Human hair has vital physiological functions. However, hair loss caused by genetic factors, hormone levels, emotional stress, and other factors, affects tens of millions of people worldwide. At present, there are few clinically approved drugs available on the market and the side effects are substantial, while hair transplantation can be costly and painful. The clinical demand and market value of hair loss treatment are therefore considerable. Prof Wang, who initiated the research three years ago, is now discussing future collaboration with companies and clinical institutions to fast-track the clinical translation of the research results and develop a new drug for the market. He also hopes to be one of the first batch of users of the new drug.

According to Prof Wang, mammalian hair grows from hair follicles (HFs) and hair growth is cyclical, with the transition from ‘anagen’ (growth) to ‘telogen’ (rest) phases being regulated by the physiological microenvironment of the local tissues. Changes in the number of certain immune cells or the concentration of specific cytokines can stimulate HF growth, but such changes are difficult to control precisely. In the study, the team optimised an enzyme, which acts like a pair of scissors, to ‘cut’ the large molecules from natural plant-derived glucomannan polysaccharides into smaller oligosaccharides, from which the researchers identified a fraction called OG6. OG6 can specifically induce specific cells in the skin to release a signal called CCL5. The signal acts like a traffic light and leads a type of immune cells called regulatory T cells to migrate towards HFs, interact with the stem cells around HFs, and stimulate HFs to enter the anagen phase. It is interesting to note that neither the large molecules that serve as source material nor the other small fractions obtained from the cutting possess this specific function of OG6. The team speculated that the cutting exposes the ‘hidden activity’ of the oligosaccharides, which is concealed by the polysaccharide chain. After verifying the molecular mechanism of OG6 with multiple biological methodologies, they injected OG6 into the dermal tissue of wild-type and transgenic mice whose hair had been shaved and observed that healthy hairs grew rapidly in situ without skin allergies or toxic side effects. More importantly, OG6 is a safe substance as its final degradation products are glucose and mannose, which are already present in the human body.

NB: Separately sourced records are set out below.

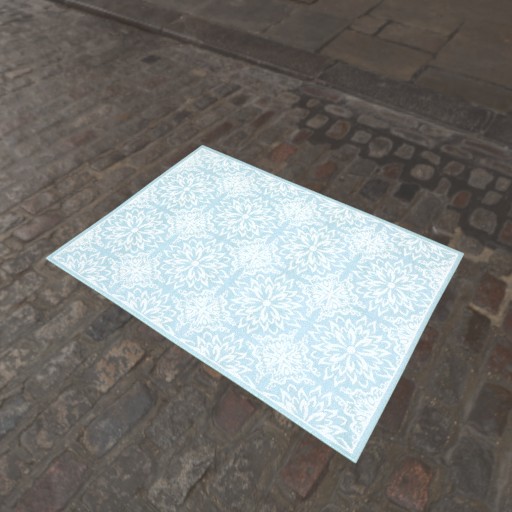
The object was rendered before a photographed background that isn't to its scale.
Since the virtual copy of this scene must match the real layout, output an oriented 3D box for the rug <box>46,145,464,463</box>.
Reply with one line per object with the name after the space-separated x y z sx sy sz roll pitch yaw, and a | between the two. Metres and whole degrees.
0.000 0.000 2.875 2.205 0.014 1.589 27 53 23 | rug
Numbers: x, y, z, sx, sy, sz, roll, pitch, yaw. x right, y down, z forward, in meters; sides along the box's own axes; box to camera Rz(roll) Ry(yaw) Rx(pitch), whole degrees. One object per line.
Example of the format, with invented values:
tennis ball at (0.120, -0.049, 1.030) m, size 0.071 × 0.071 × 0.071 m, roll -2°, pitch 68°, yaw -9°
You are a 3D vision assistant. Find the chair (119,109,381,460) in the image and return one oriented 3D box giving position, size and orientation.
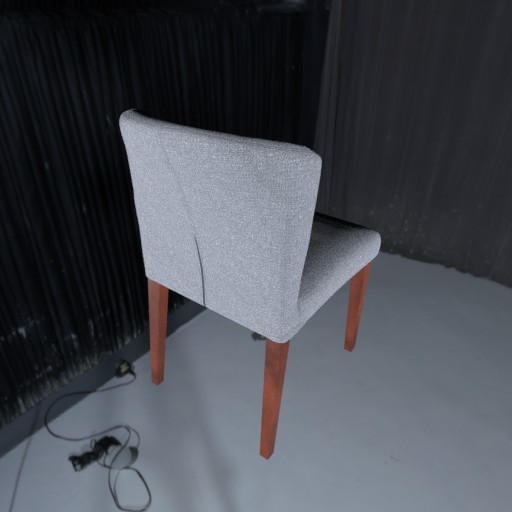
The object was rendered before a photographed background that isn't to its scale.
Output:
chair at (0.000, 0.000, 1.205) m, size 0.491 × 0.839 × 0.589 m, roll 22°, pitch 38°, yaw 30°
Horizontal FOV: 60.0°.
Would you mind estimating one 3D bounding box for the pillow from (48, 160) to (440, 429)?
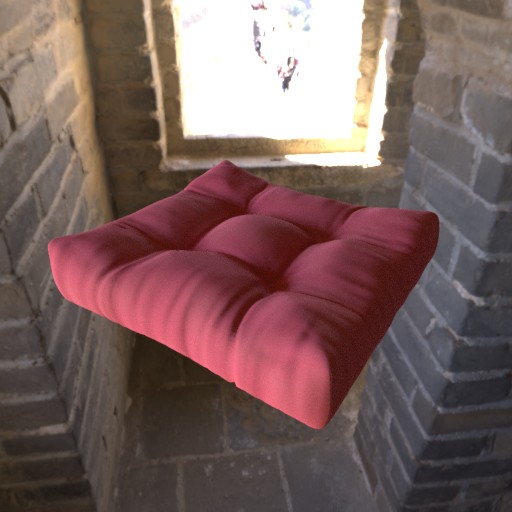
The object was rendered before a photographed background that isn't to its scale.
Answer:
[{"bbox_3d":[0.000,0.000,0.742,0.490,0.128,0.468,19,37,28],"label":"pillow"}]
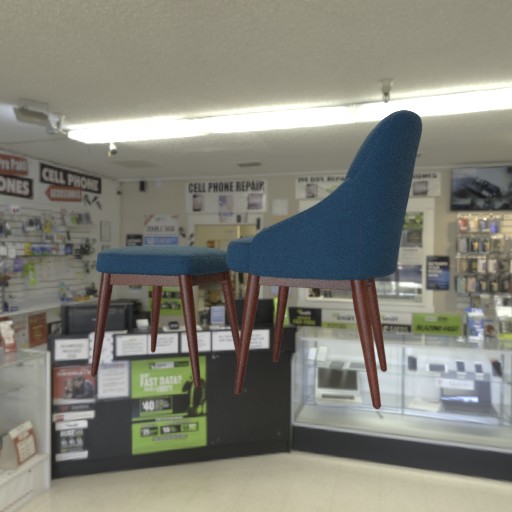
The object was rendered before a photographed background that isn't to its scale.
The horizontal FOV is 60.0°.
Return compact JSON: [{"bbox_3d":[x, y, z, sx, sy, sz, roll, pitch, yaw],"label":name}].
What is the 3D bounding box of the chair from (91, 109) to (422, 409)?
[{"bbox_3d":[0.000,0.000,1.594,1.114,0.866,0.584,0,1,19],"label":"chair"}]
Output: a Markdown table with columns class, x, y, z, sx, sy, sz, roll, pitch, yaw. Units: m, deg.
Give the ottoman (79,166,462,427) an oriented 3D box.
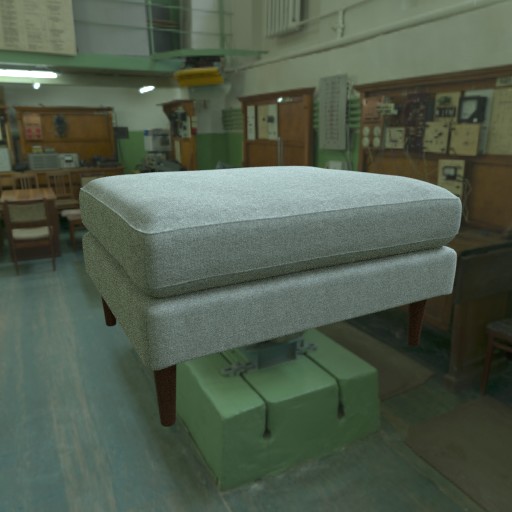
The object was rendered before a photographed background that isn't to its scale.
| class | x | y | z | sx | sy | sz | roll | pitch | yaw |
| --- | --- | --- | --- | --- | --- | --- | --- | --- | --- |
| ottoman | 0.000 | 0.000 | 1.240 | 0.821 | 0.474 | 0.693 | -9 | 18 | -28 |
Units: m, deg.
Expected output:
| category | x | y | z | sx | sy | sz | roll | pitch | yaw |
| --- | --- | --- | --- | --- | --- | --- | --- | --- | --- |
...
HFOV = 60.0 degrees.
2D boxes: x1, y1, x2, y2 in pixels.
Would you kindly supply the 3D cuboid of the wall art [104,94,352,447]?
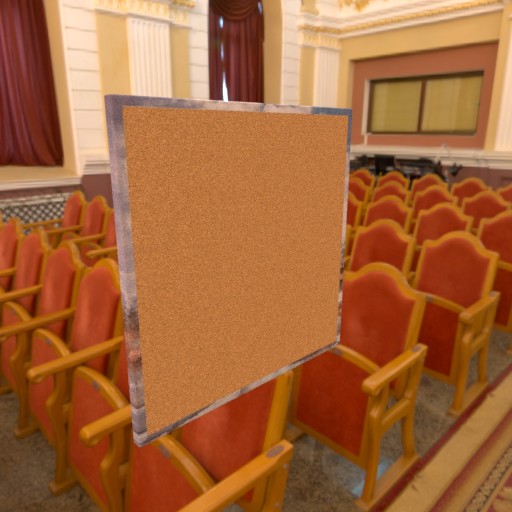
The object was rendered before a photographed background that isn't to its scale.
| category | x | y | z | sx | sy | sz | roll | pitch | yaw |
| --- | --- | --- | --- | --- | --- | --- | --- | --- | --- |
| wall art | 0.000 | 0.000 | 1.564 | 1.010 | 1.020 | 0.040 | -14 | 21 | -41 |
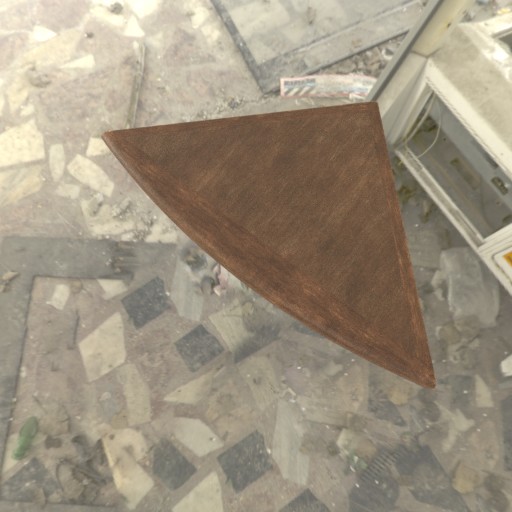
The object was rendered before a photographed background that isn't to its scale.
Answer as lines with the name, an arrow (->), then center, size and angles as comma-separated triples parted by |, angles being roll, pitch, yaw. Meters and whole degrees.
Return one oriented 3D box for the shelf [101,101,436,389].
shelf -> 0.000, 0.000, 0.473 | 0.310, 0.050, 0.310 | -7, 75, -2
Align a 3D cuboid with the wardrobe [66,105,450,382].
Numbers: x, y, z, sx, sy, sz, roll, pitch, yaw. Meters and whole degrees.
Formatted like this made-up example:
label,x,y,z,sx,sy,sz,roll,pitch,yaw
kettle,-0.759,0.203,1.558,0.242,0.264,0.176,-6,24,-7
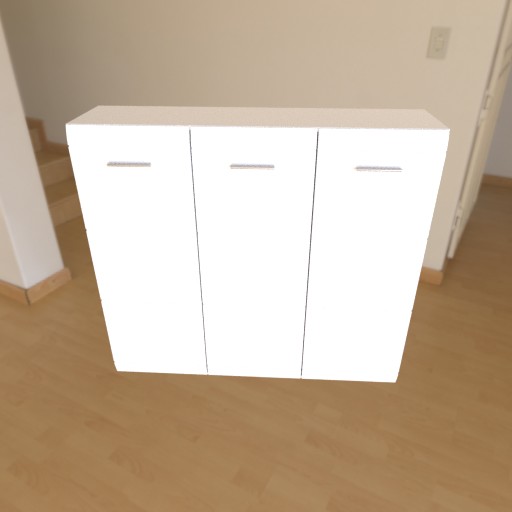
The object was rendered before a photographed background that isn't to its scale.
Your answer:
label,x,y,z,sx,sy,sz,roll,pitch,yaw
wardrobe,0.000,0.000,1.963,1.340,1.200,0.360,2,30,3
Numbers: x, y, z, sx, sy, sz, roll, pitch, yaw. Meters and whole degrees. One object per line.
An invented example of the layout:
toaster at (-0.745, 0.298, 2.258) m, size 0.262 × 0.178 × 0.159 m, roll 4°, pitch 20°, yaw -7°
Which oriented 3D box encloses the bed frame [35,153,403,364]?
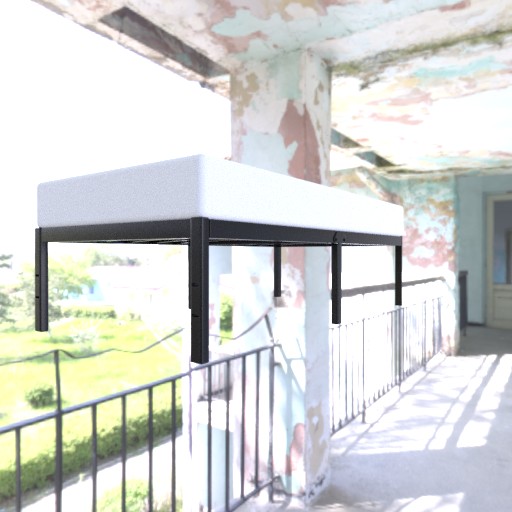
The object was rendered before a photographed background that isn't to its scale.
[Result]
bed frame at (0.000, 0.000, 2.448) m, size 1.023 × 0.659 × 1.950 m, roll 0°, pitch 0°, yaw 36°
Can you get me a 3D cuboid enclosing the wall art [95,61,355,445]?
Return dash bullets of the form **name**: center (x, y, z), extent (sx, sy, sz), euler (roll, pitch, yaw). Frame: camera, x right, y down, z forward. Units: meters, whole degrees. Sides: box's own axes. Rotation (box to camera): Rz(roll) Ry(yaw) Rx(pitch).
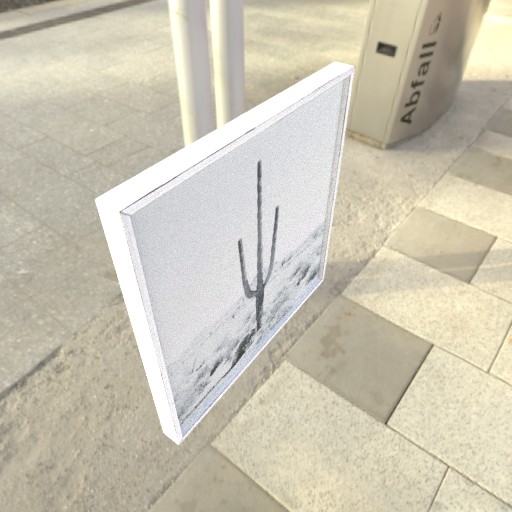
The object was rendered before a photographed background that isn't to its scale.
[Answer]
- **wall art**: center (0.000, 0.000, 0.770), extent (0.038, 0.508, 0.508), euler (26, 48, 26)
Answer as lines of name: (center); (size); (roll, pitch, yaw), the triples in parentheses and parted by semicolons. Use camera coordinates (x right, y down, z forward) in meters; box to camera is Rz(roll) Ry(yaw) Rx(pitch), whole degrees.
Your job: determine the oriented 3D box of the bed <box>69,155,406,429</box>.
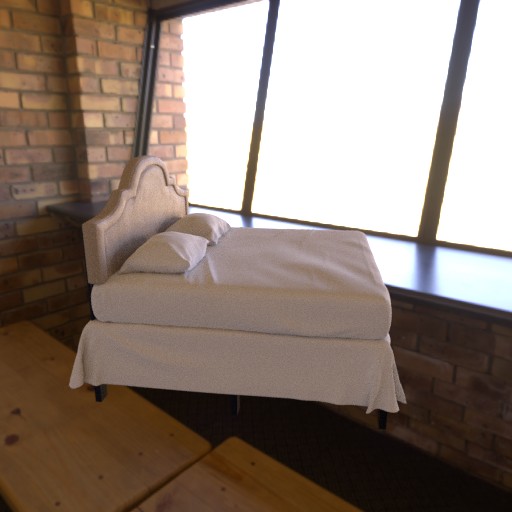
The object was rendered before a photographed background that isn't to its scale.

Yin Xiaoyu, a master’s graduate of the Institute of Chinese Medical Sciences of UM, is the first author of the study. The research project was supported by the ‘Macao Funding Scheme for Key R&D Projects’ of the Science and Technology Development Fund of the Macao SAR (File no: 0001/2021/AKP), the ‘Excellent Young Scientists Fund (Hong Kong and Macao)’ of the National Natural Science Foundation of China (File no: 32022088), and the ‘Shenzhen-Hong Kong-Macao Technology Research Programme (Type C)’ of the Shenzhen Science and Technology Innovation Commission (File no: SGDX2020110309280301). The full version of the research article can be viewed at https://doi.org/10.1002/adma.202304655.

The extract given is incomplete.